Herz und Kreislauf: Gentests wenig hilfreich

Zeichnung des Herzens im geöffneten Brustkorb Wenn es um die Gefahr für Herz und Kreislauf geht, sollten Ärzte ihre Patienten an den “klassischen” Risikofaktoren messen. Zu diesem Schluss kommen amerikanische Mediziner nach einer Studie mit rund 19.000 Frauen. Die gleichzeitige Berücksichtigung zahlreicher Genvarianten erwies sich dabei als nutzlos für die Einschätzung von Erkrankungs- und Sterberisiko – im Gegensatz zu Faktoren wie familiärer Vorbelastung, Cholesterinspiegel und Blutdruck.

Dieses Resultat sei nicht nur im Hinblick auf den boomenden Markt für Gentests von Relevanz, erläutern Nina Paynter vom Brigham and Women’s Hospital in Boston und ihre Kollegen. Zugleich bestätige es die Nützlichkeit der Anamnese wie auch der Laborwerte, welche sich letztlich aus dem Zusammenspiel von Erbgut und Umwelt ergäben, schreibt die Gruppe im “Journal of the American Medical Association”.

Bei Genomstudien wurden in den letzten Jahren zahlreiche Genvarianten gefunden, die bei Personen mit Herz-Kreislauf-Erkrankungen bzw. mit ausgeprägten Risikofaktoren häufiger vorkommen als im Bevölkerungsmittel. Ob diese Varianten bei der Einschätzung des Erkrankungsrisikos helfen können, war jedoch unklar. Paynter und Kollegen, darunter auch ein Angestellter des Biotechnologie-Unternehmens Amgen, gingen dieser Frage im Rahmen eines groß angelegten Forschungsprojekts nach.

Die Wissenschaftler ermittelten 101 Variationen einzelner DNA-Bausteine (Single Nucleotide Polymorphisms, SNP), für die ein Zusammenhang mit kardiovaskulären Erkrankungen bzw. Risikofaktoren gefunden worden war. Dann zählten sie, wie viele dieser Varianten im Erbgut von 19.313 Frauen mittleren Alters vorhanden waren. Alle Frauen waren anfänglich gesund. Während der Beobachtungszeit von 12,3 Jahren kam es in der Gruppe jedoch zu 199 Herzinfarkten, 203 Schlaganfällen sowie 63 kardiovaskulären Todesfällen. Zudem wurden 312 Eingriffe zur Öffnung bzw. Umgehung verengter Blutgefäße durchgeführt.

In der Rückschau ergab sich für jenes Drittel der Frauen, das die meisten Risikovarianten aufwies, ein 10-Jahres-Risiko von 3,7 Prozent für solche Ereignisse. Für das Drittel mit den wenigsten Varianten lag der Wert bei 3,0 Prozent und statistisch gesehen klar niedriger, ermittelten Paynter und Kollegen.

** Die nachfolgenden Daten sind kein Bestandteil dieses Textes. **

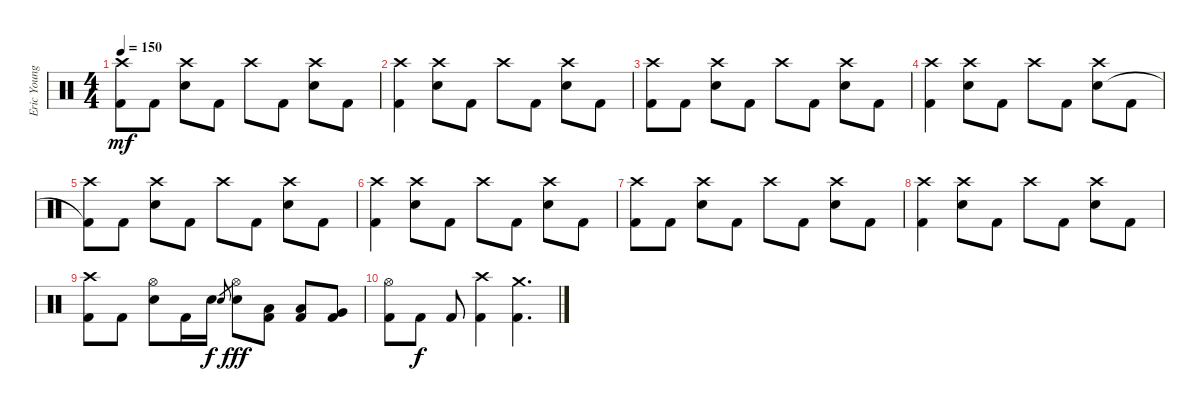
\track ("Eric Young" "Eric Young") {instrument percussion}
\staff {score}
\articulation defaults
\ts (4 4)
\tempo 150
\clef neutral
\ks c
("Crash high (hit)" "Kick (hit) 2"{t}).8{dy mf} "Kick (hit) 2".8 ("Crash high (hit)" "Electric Snare (hit)").8 "Kick (hit) 2".8 "Crash high (hit)".8 "Kick (hit) 2".8 ("Crash high (hit)" "Electric Snare (hit)").8 "Kick (hit) 2".8 |
("Crash high (hit)" "Kick (hit) 2").4 ("Crash high (hit)" "Electric Snare (hit)").8 "Kick (hit) 2".8 "Crash high (hit)".8 "Kick (hit) 2".8 ("Crash high (hit)" "Electric Snare (hit)").8 "Kick (hit) 2".8 |
("Crash high (hit)" "Kick (hit) 2").8 "Kick (hit) 2".8 ("Crash high (hit)" "Electric Snare (hit)").8 "Kick (hit) 2".8 "Crash high (hit)".8 "Kick (hit) 2".8 ("Crash high (hit)" "Electric Snare (hit)").8 "Kick (hit) 2".8 |
("Crash high (hit)" "Kick (hit) 2").4 ("Crash high (hit)" "Electric Snare (hit)").8 "Kick (hit) 2".8 "Crash high (hit)".8 "Kick (hit) 2".8 ("Crash high (hit)" "Electric Snare (hit)").8 "Kick (hit) 2".8 |
("Crash high (hit)" "Kick (hit) 2"{t}).8 "Kick (hit) 2".8 ("Crash high (hit)" "Electric Snare (hit)").8 "Kick (hit) 2".8 "Crash high (hit)".8 "Kick (hit) 2".8 ("Crash high (hit)" "Electric Snare (hit)").8 "Kick (hit) 2".8 |
("Crash high (hit)" "Kick (hit) 2").4 ("Crash high (hit)" "Electric Snare (hit)").8 "Kick (hit) 2".8 "Crash high (hit)".8 "Kick (hit) 2".8 ("Crash high (hit)" "Electric Snare (hit)").8 "Kick (hit) 2".8 |
("Crash high (hit)" "Kick (hit) 2").8 "Kick (hit) 2".8 ("Crash high (hit)" "Electric Snare (hit)").8 "Kick (hit) 2".8 "Crash high (hit)".8 "Kick (hit) 2".8 ("Crash high (hit)" "Electric Snare (hit)").8 "Kick (hit) 2".8 |
("Crash high (hit)" "Kick (hit) 2").4 ("Crash high (hit)" "Electric Snare (hit)").8 "Kick (hit) 2".8 "Crash high (hit)".8 "Kick (hit) 2".8 ("Crash high (hit)" "Electric Snare (hit)").8 "Kick (hit) 2".8 |
("Crash high (hit)" "Kick (hit) 2").8 "Kick (hit) 2".8 ("Hi-Hat (open)" "Electric Snare (hit)").8 "Kick (hit) 2".16 "Electric Snare (hit)".16{dy f} "Electric Snare (hit)".8{gr} ("Hi-Hat (open)" "Electric Snare (hit)").8{dy fff} ("Low Tom (hit)" "Kick (hit) 2").8 ("Low Tom (hit)" "Kick (hit) 2").8 ("Very Low Tom (hit)" "Kick (hit) 2").8 |
("Hi-Hat (open)" "Kick (hit) 2").8 "Kick (hit) 2".8{dy f} "Kick (hit) 2".8 ("Crash high (hit)" "Kick (hit) 2").4 ("Crash medium (hit)" "Kick (hit) 2").4{d}
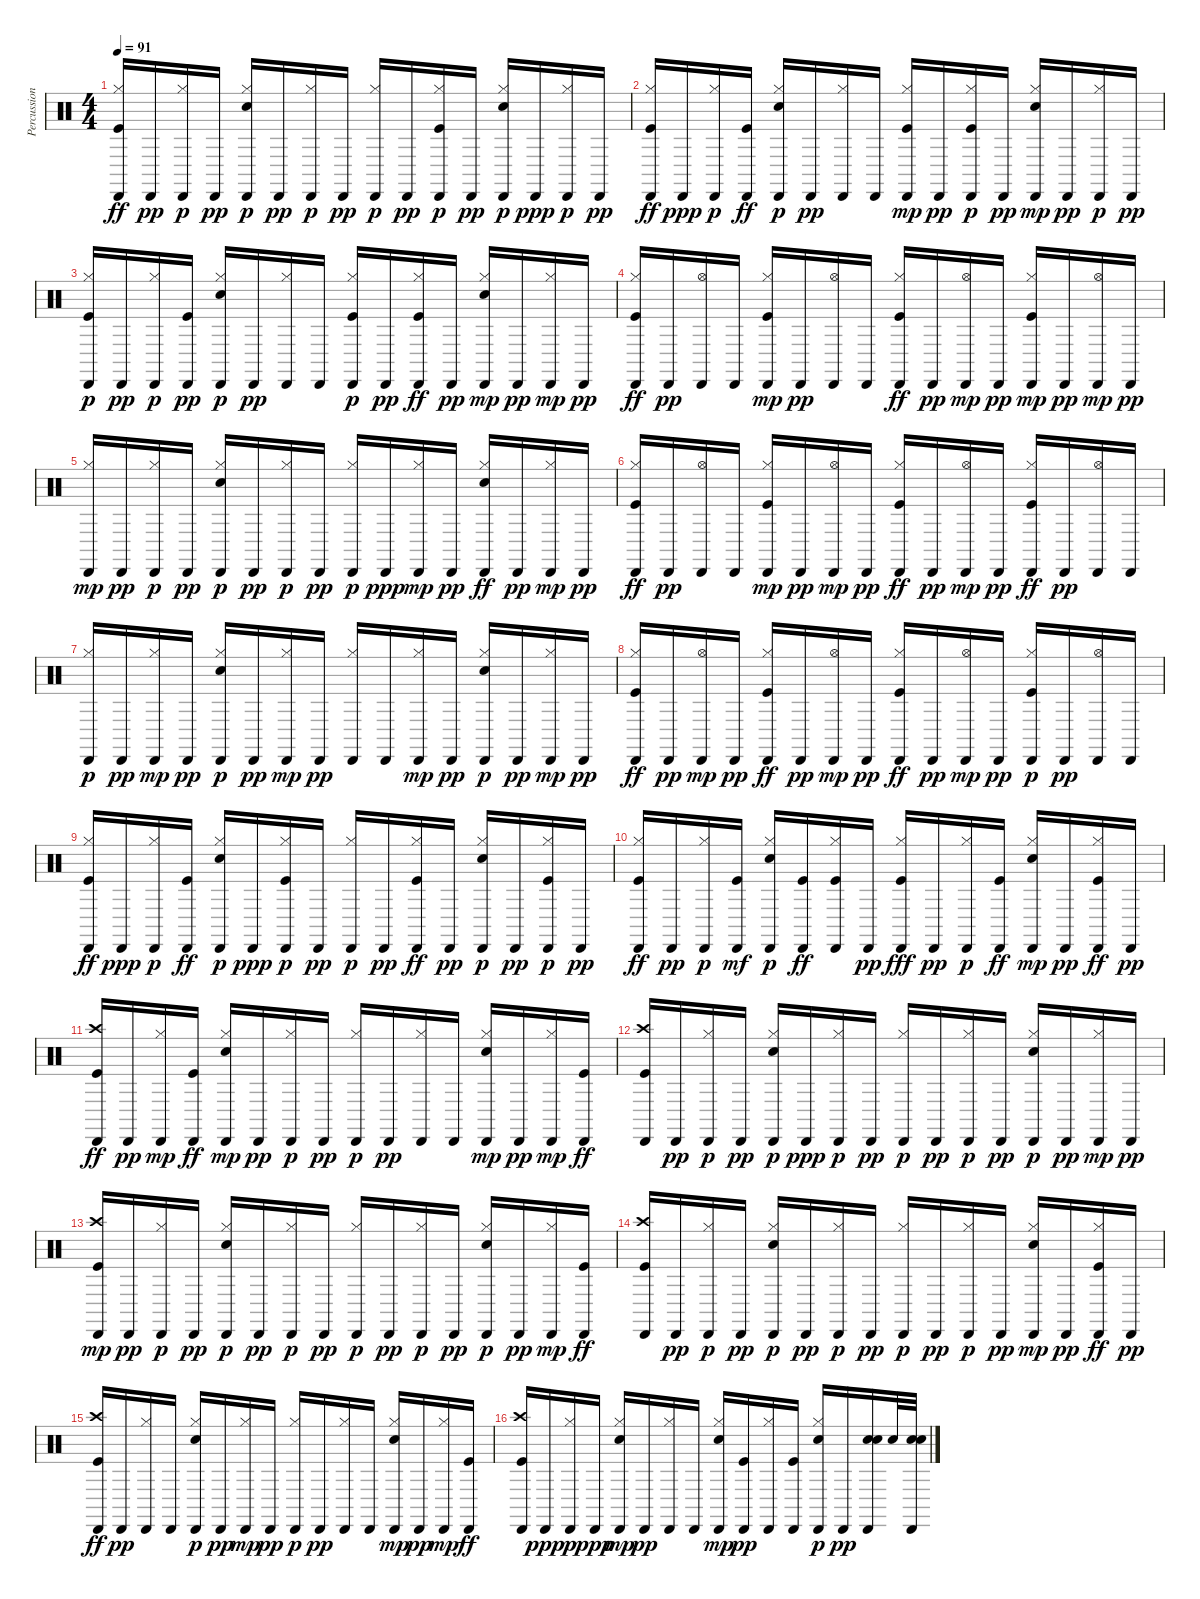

Sobald sie jedoch Faktoren wie Cholesterinspiegel oder Blutdruck berücksichtigten, ging die Aussagekraft der Genvarianten gegen null. Die Frage, ob ein Familienmitglied vor dem 60. Geburtstag einen Herzinfarkt erlitten hatte, erlaubte dagegen in jedem Fall eine bessere Risikoeinschätzung.

Die Bedeutung genetischer Daten für das Verständnis von Herz-Kreislauf-Erkrankungen werde durch die neuen Ergebnisse nicht geschmälert, betonen die Forscher. Ihre Studie liefere jedoch “keine Belege, die dafür sprechen würden, die derzeit bekannten genetischen Marker in klinische Werkzeuge zur Bewertung des kardiovaskulären Risikos aufzunehmen”.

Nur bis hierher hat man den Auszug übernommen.